(Dataset entries)
======
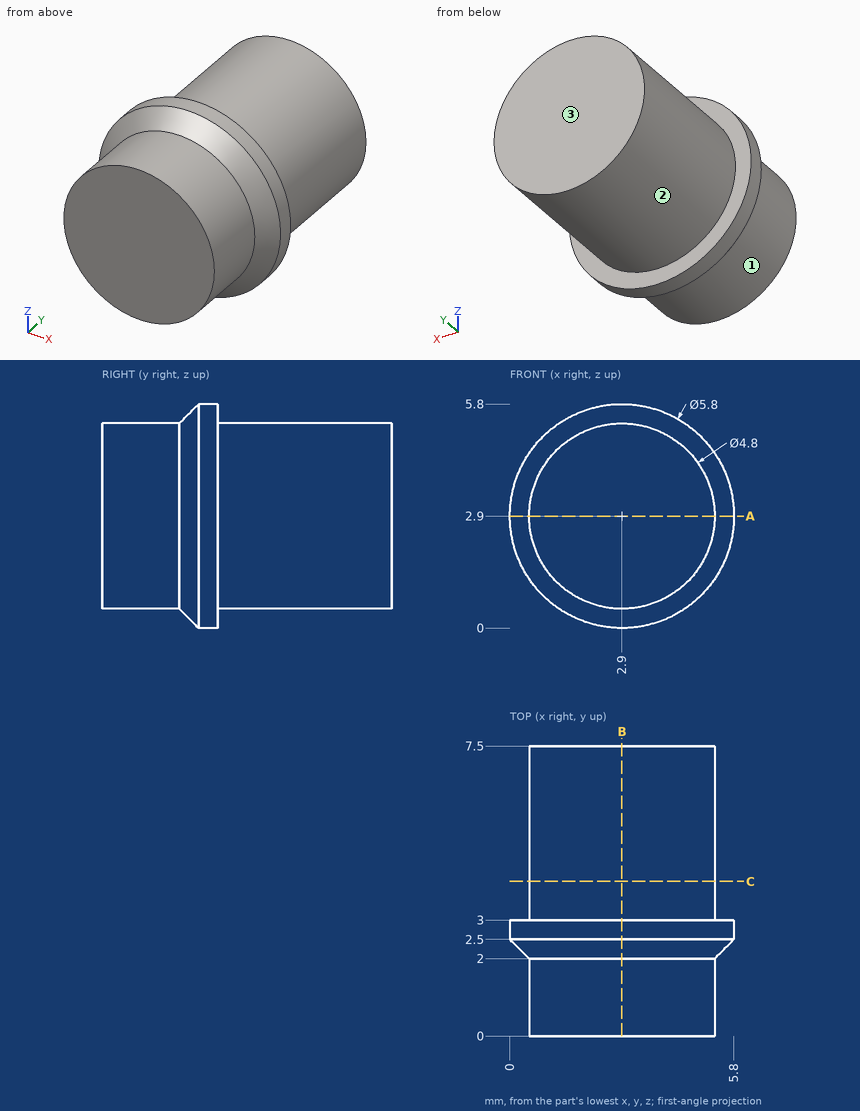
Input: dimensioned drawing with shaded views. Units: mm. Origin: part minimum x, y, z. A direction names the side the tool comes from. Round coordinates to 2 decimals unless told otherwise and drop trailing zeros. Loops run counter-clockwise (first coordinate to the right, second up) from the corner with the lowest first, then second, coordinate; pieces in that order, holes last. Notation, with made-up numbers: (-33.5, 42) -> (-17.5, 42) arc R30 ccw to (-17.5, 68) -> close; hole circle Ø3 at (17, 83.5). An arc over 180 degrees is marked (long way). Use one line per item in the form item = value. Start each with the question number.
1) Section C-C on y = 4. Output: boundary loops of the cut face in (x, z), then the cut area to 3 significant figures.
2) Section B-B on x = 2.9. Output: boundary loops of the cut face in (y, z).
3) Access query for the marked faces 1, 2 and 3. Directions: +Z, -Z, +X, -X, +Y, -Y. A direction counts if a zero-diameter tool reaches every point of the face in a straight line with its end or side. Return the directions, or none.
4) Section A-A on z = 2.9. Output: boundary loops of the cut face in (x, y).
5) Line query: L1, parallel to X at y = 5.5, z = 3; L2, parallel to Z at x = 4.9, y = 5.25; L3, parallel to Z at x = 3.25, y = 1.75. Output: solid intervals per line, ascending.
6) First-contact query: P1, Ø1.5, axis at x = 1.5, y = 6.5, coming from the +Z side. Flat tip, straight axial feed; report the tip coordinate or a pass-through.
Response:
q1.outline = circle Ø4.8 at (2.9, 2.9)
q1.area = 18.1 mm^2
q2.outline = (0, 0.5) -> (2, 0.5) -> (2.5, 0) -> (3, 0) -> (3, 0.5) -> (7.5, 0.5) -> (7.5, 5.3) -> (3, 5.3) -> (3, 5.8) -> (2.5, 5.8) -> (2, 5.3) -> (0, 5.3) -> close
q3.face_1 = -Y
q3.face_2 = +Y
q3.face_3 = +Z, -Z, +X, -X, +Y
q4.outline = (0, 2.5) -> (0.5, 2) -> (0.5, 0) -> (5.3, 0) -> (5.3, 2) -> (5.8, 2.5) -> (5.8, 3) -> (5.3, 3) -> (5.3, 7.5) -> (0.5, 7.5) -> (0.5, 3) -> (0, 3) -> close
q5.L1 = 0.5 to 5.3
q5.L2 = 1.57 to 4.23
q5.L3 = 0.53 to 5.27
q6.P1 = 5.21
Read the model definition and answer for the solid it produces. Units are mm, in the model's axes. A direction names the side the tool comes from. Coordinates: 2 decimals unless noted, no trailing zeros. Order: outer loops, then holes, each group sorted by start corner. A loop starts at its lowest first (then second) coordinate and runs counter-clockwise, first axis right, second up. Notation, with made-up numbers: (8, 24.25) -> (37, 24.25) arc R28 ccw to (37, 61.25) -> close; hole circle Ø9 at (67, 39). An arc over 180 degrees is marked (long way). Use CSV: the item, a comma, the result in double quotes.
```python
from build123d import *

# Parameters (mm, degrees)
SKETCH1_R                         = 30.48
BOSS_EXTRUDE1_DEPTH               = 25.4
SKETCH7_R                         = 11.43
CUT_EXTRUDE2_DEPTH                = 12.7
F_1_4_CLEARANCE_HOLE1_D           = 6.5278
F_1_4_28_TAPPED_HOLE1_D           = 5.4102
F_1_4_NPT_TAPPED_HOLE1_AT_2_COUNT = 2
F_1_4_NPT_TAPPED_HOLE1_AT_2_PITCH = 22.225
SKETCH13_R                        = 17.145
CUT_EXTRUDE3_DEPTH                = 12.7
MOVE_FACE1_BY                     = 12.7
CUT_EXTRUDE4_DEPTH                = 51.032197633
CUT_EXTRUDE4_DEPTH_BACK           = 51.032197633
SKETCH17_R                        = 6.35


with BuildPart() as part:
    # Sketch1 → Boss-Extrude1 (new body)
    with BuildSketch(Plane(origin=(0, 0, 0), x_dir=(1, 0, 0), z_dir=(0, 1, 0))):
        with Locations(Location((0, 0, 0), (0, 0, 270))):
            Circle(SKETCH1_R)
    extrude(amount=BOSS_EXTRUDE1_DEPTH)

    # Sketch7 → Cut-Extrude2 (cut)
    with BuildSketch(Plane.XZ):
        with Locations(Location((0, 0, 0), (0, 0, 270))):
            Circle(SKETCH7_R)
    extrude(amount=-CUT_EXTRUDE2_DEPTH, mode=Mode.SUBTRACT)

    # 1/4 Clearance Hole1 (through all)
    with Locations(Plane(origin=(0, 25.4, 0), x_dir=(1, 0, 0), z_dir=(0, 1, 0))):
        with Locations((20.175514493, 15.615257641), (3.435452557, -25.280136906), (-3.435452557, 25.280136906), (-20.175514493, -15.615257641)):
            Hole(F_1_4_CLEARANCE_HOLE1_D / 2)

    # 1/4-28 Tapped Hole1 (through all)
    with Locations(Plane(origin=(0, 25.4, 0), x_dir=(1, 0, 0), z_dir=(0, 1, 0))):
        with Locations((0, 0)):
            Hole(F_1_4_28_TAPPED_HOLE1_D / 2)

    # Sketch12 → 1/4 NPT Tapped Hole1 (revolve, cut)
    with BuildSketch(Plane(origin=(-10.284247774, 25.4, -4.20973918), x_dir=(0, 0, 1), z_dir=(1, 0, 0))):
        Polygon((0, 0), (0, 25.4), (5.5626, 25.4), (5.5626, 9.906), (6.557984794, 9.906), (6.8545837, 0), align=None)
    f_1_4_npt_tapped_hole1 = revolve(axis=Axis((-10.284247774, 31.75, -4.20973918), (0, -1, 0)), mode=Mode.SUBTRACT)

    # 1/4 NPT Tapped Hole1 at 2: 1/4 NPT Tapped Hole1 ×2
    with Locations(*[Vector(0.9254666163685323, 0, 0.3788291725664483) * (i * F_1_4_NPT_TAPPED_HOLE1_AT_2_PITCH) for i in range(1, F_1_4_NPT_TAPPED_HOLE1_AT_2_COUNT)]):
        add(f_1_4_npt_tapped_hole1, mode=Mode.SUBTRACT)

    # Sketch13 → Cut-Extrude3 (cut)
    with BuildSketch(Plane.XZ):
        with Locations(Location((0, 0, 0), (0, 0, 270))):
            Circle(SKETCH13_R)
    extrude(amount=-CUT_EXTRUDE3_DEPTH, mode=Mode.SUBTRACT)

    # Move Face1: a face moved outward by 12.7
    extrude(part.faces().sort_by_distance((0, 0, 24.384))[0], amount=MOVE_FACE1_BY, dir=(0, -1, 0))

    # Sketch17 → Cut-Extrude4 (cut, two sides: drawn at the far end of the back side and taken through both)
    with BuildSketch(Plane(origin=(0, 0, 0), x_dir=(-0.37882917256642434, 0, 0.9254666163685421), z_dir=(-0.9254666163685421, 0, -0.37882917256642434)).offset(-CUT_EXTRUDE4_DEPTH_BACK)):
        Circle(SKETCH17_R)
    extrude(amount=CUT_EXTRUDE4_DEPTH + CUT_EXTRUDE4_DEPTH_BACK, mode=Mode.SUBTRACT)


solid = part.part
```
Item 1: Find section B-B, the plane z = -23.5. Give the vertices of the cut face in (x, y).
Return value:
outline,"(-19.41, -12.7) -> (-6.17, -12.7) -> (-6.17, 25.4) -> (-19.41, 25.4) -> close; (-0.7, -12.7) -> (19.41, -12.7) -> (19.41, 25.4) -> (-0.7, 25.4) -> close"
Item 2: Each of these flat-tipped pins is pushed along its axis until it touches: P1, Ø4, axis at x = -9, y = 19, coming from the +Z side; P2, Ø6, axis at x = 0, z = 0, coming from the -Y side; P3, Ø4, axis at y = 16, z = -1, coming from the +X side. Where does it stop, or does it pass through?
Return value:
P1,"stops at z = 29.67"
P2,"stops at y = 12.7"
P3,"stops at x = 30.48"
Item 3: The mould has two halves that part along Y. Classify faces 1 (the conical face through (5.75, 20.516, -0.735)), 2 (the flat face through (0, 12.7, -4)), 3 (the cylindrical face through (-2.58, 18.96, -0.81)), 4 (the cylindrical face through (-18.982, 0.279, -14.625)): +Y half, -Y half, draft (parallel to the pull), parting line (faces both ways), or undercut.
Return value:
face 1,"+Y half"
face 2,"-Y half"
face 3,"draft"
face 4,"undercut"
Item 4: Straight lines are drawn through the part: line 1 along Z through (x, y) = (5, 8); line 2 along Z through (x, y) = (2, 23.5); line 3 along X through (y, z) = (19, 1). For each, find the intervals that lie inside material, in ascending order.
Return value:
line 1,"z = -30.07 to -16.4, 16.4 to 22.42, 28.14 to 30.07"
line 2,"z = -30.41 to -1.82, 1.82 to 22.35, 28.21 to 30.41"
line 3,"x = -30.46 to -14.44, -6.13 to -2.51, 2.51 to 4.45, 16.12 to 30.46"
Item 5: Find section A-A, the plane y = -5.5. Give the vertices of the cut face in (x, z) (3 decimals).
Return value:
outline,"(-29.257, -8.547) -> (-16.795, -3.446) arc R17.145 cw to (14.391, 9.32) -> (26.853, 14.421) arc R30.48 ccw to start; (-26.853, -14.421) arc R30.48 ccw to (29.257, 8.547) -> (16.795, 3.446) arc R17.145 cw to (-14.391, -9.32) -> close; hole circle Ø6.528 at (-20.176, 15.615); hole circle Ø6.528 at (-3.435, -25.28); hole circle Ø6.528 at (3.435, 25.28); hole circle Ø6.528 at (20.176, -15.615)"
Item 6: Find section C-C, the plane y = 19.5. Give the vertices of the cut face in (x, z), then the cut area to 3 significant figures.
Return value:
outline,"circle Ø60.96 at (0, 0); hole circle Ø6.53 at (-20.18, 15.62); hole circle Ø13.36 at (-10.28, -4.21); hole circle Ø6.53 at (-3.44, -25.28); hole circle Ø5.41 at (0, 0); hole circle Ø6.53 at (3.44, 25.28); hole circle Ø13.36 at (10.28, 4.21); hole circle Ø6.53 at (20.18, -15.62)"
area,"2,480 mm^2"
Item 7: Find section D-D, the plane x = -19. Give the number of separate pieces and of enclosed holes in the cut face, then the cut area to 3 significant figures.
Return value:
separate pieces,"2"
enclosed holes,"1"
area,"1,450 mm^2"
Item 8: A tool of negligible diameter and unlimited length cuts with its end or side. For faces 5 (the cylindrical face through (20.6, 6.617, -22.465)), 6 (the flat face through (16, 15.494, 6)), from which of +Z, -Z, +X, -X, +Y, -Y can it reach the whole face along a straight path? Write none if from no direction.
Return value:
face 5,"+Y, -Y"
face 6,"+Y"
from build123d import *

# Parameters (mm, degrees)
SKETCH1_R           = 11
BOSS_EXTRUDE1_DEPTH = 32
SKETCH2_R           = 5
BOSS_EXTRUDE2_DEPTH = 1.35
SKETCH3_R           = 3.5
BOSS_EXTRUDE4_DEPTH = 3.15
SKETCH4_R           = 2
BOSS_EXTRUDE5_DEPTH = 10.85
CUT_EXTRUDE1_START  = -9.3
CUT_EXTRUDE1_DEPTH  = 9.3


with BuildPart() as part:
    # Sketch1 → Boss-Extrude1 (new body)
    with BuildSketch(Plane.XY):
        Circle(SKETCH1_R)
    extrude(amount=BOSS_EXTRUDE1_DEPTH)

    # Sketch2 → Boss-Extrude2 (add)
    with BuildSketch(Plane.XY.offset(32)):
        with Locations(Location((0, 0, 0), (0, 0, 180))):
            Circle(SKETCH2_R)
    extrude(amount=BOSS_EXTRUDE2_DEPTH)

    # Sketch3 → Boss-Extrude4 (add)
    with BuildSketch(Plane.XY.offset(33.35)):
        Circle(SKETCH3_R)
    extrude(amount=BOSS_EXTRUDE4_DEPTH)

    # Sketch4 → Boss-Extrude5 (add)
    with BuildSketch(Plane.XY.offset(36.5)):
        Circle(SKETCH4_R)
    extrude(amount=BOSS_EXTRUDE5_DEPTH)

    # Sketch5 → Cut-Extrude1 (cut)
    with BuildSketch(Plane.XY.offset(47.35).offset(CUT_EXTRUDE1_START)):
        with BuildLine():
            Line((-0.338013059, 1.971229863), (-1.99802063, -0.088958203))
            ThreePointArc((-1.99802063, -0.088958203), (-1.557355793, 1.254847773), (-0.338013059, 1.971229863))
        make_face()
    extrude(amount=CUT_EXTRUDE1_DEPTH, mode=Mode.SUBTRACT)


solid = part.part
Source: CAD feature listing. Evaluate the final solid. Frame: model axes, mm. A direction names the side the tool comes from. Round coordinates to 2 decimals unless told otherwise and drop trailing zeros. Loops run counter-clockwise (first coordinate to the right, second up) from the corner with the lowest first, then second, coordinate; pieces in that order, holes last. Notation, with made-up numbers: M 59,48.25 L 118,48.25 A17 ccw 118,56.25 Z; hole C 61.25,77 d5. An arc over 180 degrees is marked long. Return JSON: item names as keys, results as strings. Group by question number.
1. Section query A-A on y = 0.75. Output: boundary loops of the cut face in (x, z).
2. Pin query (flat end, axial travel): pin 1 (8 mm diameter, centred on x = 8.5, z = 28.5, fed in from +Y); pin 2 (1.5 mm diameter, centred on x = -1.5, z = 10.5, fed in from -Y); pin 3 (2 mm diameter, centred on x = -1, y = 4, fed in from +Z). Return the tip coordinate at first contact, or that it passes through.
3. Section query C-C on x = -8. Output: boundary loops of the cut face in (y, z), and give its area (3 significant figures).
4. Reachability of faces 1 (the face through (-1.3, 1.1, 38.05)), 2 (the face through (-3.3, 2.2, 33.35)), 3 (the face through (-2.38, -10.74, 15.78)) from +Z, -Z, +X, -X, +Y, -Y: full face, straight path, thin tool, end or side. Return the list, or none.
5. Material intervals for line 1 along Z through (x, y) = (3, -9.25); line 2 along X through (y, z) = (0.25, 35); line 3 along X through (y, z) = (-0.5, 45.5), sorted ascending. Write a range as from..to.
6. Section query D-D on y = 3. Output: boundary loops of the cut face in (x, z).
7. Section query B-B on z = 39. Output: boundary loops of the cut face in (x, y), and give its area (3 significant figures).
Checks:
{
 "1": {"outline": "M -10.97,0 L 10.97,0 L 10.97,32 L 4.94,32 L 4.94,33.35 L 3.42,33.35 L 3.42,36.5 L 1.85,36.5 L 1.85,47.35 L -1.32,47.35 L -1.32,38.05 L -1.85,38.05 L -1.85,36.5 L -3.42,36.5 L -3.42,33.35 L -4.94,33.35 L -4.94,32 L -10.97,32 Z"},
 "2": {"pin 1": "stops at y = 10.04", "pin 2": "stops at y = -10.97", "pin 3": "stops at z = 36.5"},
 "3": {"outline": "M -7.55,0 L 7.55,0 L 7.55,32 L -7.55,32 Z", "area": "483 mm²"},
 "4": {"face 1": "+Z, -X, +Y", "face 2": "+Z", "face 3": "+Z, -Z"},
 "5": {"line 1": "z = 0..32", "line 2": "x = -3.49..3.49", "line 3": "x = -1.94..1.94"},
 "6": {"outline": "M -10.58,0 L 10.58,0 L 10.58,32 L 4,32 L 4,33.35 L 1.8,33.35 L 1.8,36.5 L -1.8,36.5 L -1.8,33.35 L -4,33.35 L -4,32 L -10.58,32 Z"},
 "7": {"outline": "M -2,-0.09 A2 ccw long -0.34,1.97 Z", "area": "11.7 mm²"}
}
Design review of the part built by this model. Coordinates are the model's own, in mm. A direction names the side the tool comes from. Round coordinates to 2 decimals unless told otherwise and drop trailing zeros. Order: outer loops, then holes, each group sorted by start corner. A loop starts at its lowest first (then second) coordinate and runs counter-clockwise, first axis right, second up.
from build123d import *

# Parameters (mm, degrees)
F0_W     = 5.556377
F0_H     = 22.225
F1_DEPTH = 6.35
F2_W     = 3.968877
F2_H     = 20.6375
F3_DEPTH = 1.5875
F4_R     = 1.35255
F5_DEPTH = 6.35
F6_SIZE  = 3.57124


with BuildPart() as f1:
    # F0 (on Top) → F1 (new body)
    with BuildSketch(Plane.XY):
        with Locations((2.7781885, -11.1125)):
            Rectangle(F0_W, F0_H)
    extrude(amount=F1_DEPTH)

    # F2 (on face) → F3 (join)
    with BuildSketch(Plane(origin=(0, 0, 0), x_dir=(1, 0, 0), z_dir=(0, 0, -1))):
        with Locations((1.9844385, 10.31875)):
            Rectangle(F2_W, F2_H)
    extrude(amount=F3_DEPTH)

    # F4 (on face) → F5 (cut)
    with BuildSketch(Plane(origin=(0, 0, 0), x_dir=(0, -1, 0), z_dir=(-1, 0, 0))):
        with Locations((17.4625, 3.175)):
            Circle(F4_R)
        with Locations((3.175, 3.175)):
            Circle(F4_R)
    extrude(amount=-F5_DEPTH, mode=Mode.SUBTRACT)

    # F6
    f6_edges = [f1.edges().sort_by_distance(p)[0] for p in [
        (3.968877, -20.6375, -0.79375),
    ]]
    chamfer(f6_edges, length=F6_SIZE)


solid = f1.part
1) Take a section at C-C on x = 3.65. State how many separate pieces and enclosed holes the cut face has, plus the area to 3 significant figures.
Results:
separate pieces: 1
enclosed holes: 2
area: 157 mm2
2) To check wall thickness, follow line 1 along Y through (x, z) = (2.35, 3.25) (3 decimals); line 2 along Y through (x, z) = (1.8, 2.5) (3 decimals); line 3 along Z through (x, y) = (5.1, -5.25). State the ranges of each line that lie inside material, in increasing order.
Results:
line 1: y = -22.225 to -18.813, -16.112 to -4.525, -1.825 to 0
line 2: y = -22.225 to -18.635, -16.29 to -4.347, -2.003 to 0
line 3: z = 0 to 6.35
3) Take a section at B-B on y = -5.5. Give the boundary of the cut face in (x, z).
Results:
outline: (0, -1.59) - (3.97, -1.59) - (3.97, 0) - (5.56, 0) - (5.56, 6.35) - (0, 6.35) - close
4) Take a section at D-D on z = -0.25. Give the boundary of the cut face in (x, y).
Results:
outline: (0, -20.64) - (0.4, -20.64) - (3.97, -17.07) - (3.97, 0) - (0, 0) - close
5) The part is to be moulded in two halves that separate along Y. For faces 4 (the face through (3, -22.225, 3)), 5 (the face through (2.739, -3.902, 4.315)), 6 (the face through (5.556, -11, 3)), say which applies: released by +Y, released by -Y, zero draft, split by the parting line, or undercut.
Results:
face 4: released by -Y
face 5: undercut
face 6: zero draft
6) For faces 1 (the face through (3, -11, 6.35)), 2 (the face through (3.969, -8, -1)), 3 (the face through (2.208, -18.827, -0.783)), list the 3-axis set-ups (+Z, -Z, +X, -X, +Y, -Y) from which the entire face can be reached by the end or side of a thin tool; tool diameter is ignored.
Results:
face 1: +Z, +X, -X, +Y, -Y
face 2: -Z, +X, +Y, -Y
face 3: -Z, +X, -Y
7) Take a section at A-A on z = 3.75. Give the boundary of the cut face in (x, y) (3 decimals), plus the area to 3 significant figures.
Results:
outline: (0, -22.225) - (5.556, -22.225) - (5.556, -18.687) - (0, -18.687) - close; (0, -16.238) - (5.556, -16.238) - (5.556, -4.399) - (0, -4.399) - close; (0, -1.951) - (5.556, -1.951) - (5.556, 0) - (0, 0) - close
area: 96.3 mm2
======
### Problem statement
Starting at the line that has "outline: (0, -20.64)" in the records above, restate word for word every line until the one that has "face 6: zero draft", and include that one as well.

### Answer space
outline: (0, -20.64) - (0.4, -20.64) - (3.97, -17.07) - (3.97, 0) - (0, 0) - close
5) The part is to be moulded in two halves that separate along Y. For faces 4 (the face through (3, -22.225, 3)), 5 (the face through (2.739, -3.902, 4.315)), 6 (the face through (5.556, -11, 3)), say which applies: released by +Y, released by -Y, zero draft, split by the parting line, or undercut.
Results:
face 4: released by -Y
face 5: undercut
face 6: zero draft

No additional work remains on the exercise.